**Supplied entries:**
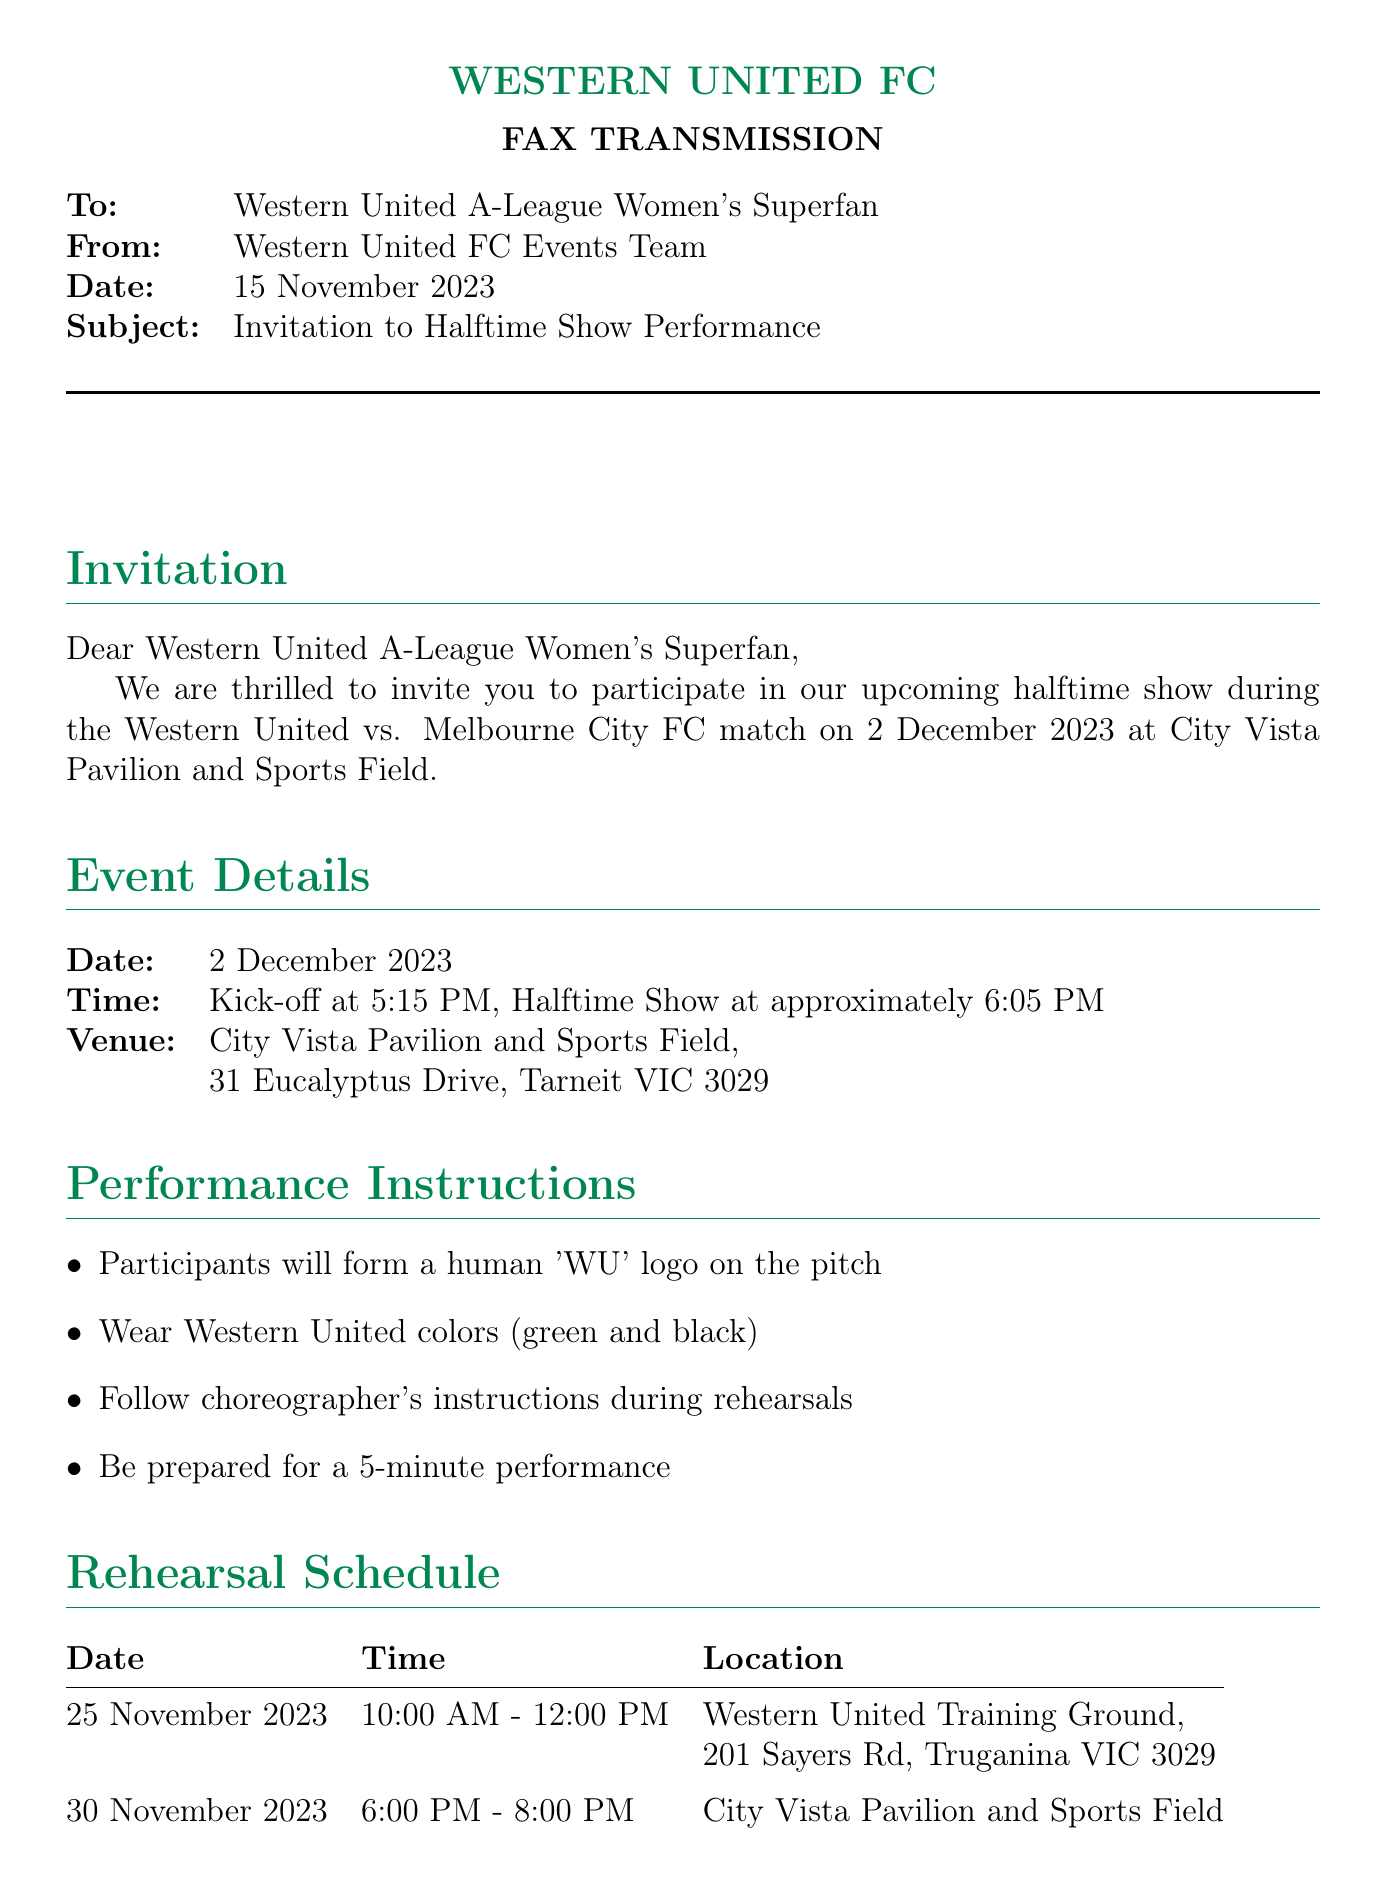What is the date of the halftime show? The halftime show is scheduled for 2 December 2023 according to the event details section.
Answer: 2 December 2023 What time does the halftime show start? The halftime show starts at approximately 6:05 PM, as stated in the event details.
Answer: 6:05 PM Where is the rehearsal on 30 November 2023? The rehearsal on 30 November 2023 will take place at City Vista Pavilion and Sports Field, according to the rehearsal schedule.
Answer: City Vista Pavilion and Sports Field Who should be contacted for RSVP? The fax mentions Sarah Thompson as the contact person for RSVP.
Answer: Sarah Thompson What is the performance duration? The performance is scheduled to last for 5 minutes, as listed in the performance instructions.
Answer: 5 minutes What color should participants wear? Participants are instructed to wear Western United colors, which are mentioned in the performance instructions.
Answer: Green and black When is the RSVP deadline? The RSVP deadline is specified as 22 November 2023 in the contact information section.
Answer: 22 November 2023 What is the address for the training ground? The address for the Western United Training Ground is provided as 201 Sayers Rd, Truganina VIC 3029 in the rehearsal schedule.
Answer: 201 Sayers Rd, Truganina VIC 3029 
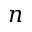Convert formula to latex. <formula><loc_0><loc_0><loc_500><loc_500>n</formula> 
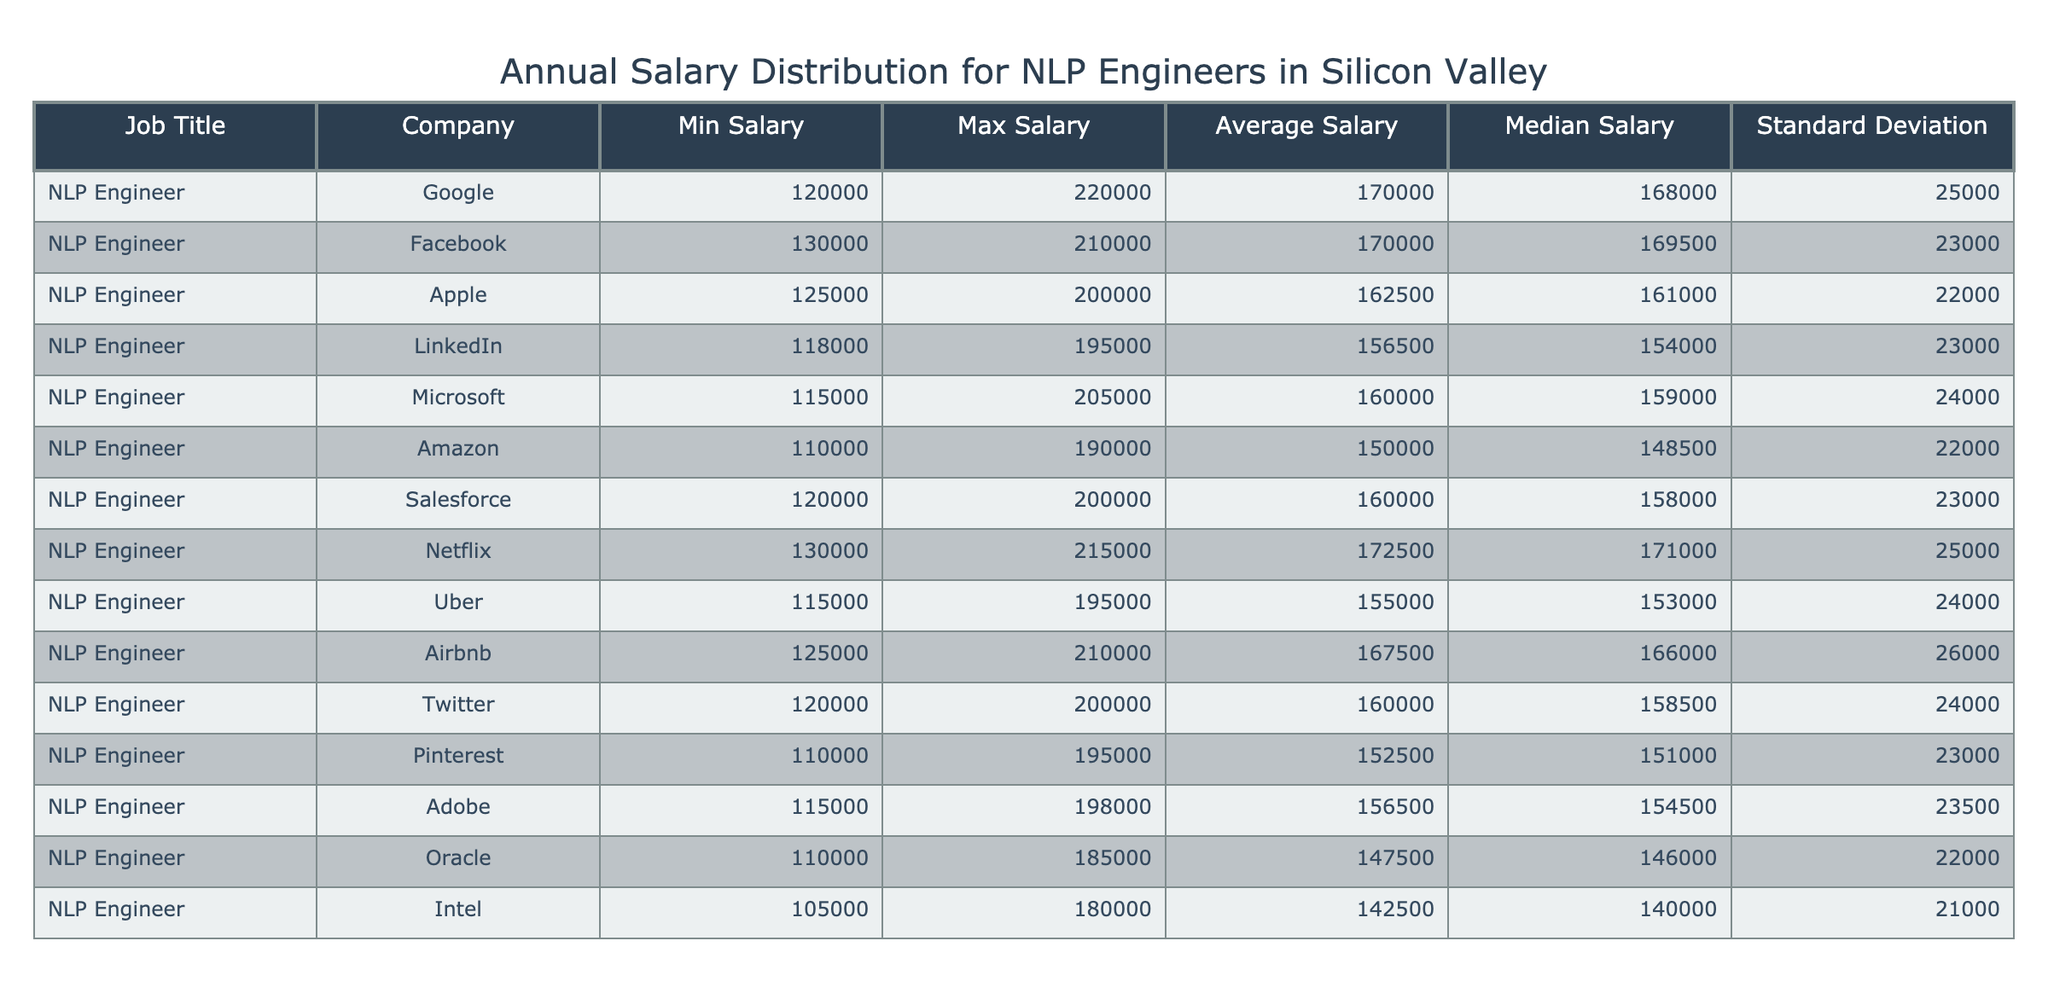What is the average salary for NLP Engineers at Google? According to the table, the average salary for NLP Engineers at Google is directly listed under the "Average Salary" column. The value is 170000.
Answer: 170000 Which company offers the highest maximum salary for NLP Engineers? The maximum salaries for each company are compared: Google (220000), Facebook (210000), Netflix (215000), and others. Google has the highest maximum salary of 220000.
Answer: Google What is the difference between the average and median salary for NLP Engineers at Amazon? In the table, Amazon has an average salary of 150000 and a median salary of 148500. The difference is calculated as 150000 - 148500 = 1500.
Answer: 1500 Is the average salary of NLP Engineers at LinkedIn higher than that at Microsoft? By checking both average salaries, LinkedIn has an average of 156500 while Microsoft has an average of 160000. Since 156500 is less than 160000, the statement is false.
Answer: No Which company has the lowest minimum salary for NLP Engineers? The minimum salaries are compared: Google (120000), Facebook (130000), Amazon (110000), and others. Amazon has the lowest minimum salary of 110000.
Answer: Amazon What is the total average salary for all companies listed in the table? To find the total average salary, I first need to sum all average salaries: (170000 + 170000 + 162500 + 156500 + 160000 + 150000 + 160000 + 172500 + 155000 + 167500 + 160000 + 152500 + 156500 + 147500 + 142500) = 2288500, then divide by the total number of companies (15): 2288500 / 15 = 152566.67. Therefore, the total average salary is approximately 152567.
Answer: 152567 Is the standard deviation of the average salary at Adobe greater than that at Apple? The standard deviation for Adobe is 23500 and for Apple, it is 22000. Since 23500 is greater than 22000, the statement is true.
Answer: Yes What is the average salary for the top three highest-paying companies for NLP Engineers? The three companies with the highest average salaries are: Google (170000), Facebook (170000), and Netflix (172500). The total is calculated as (170000 + 170000 + 172500) = 512500. To find the average, divide by 3: 512500 / 3 = 170833.33. Therefore, the average salary for the top three is approximately 170833.
Answer: 170833 How many companies listed have an average salary above 160000? By reviewing the average salaries, the companies with averages above 160000 are Google (170000), Facebook (170000), Netflix (172500), Microsoft (160000), Salesforce (160000), Airbnb (167500), and Twitter (160000). Counting these gives a total of 7 companies.
Answer: 7 
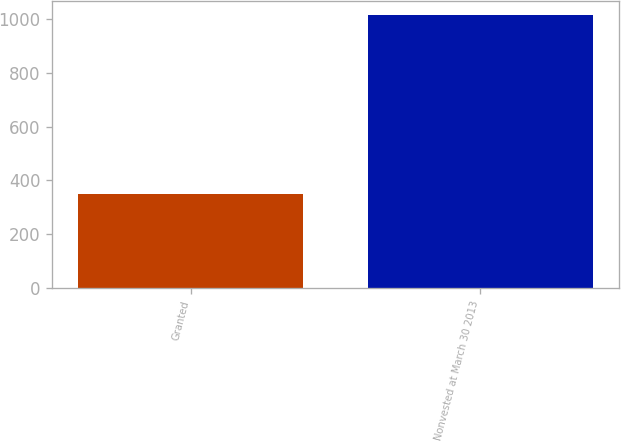Convert chart. <chart><loc_0><loc_0><loc_500><loc_500><bar_chart><fcel>Granted<fcel>Nonvested at March 30 2013<nl><fcel>351<fcel>1015<nl></chart> 
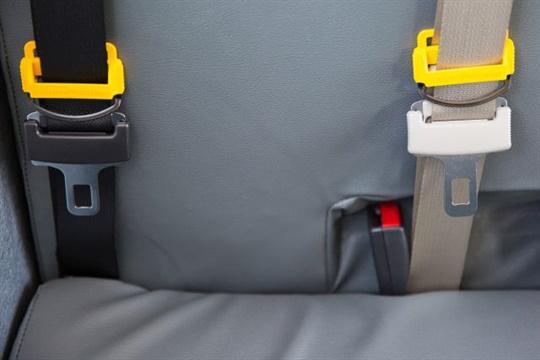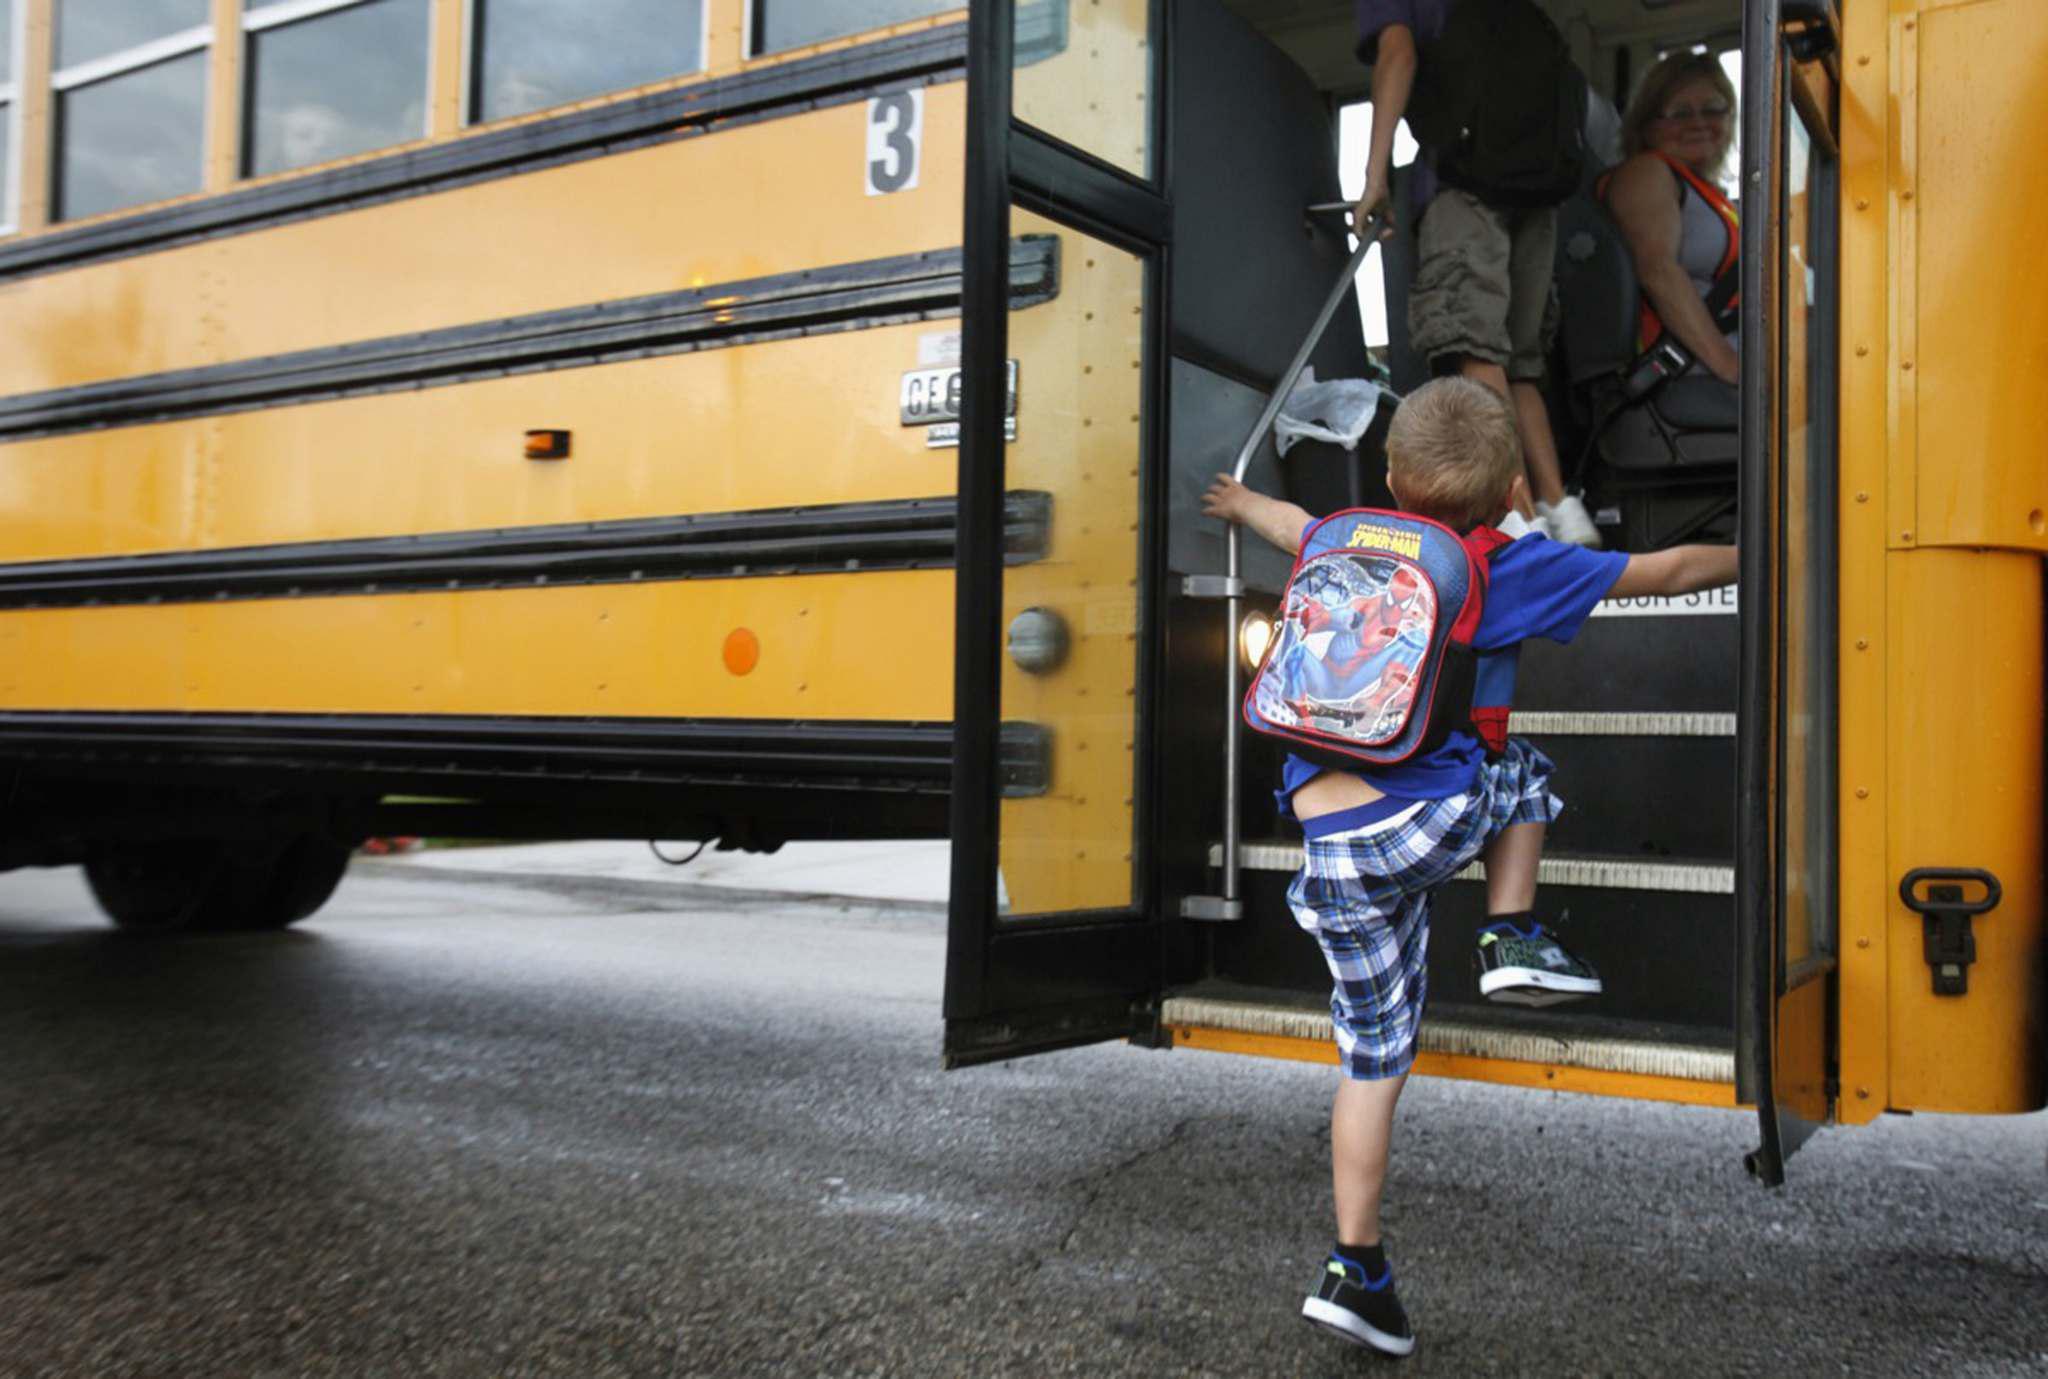The first image is the image on the left, the second image is the image on the right. Considering the images on both sides, is "The left image shows an empty gray seat with two seat buckles and straps on the seat back." valid? Answer yes or no. Yes. The first image is the image on the left, the second image is the image on the right. For the images shown, is this caption "In one of the images only the seat belts are shown." true? Answer yes or no. Yes.

**Work to complete:** Take the material above from the line bearing "What is the average salary for NLP" through the line bearing "Answer: 152567 Is" and write it out exactly, both end lines included. Pictures stay out.

**Task result:**
What is the average salary for NLP Engineers at Google? According to the table, the average salary for NLP Engineers at Google is directly listed under the "Average Salary" column. The value is 170000.
Answer: 170000 Which company offers the highest maximum salary for NLP Engineers? The maximum salaries for each company are compared: Google (220000), Facebook (210000), Netflix (215000), and others. Google has the highest maximum salary of 220000.
Answer: Google What is the difference between the average and median salary for NLP Engineers at Amazon? In the table, Amazon has an average salary of 150000 and a median salary of 148500. The difference is calculated as 150000 - 148500 = 1500.
Answer: 1500 Is the average salary of NLP Engineers at LinkedIn higher than that at Microsoft? By checking both average salaries, LinkedIn has an average of 156500 while Microsoft has an average of 160000. Since 156500 is less than 160000, the statement is false.
Answer: No Which company has the lowest minimum salary for NLP Engineers? The minimum salaries are compared: Google (120000), Facebook (130000), Amazon (110000), and others. Amazon has the lowest minimum salary of 110000.
Answer: Amazon What is the total average salary for all companies listed in the table? To find the total average salary, I first need to sum all average salaries: (170000 + 170000 + 162500 + 156500 + 160000 + 150000 + 160000 + 172500 + 155000 + 167500 + 160000 + 152500 + 156500 + 147500 + 142500) = 2288500, then divide by the total number of companies (15): 2288500 / 15 = 152566.67. Therefore, the total average salary is approximately 152567.
Answer: 152567 Is the standard deviation of the average salary at Adobe greater than that at Apple? The standard deviation for Adobe is 23500 and for Apple, it is 22000. Since 23500 is greater than 22000, the statement is true.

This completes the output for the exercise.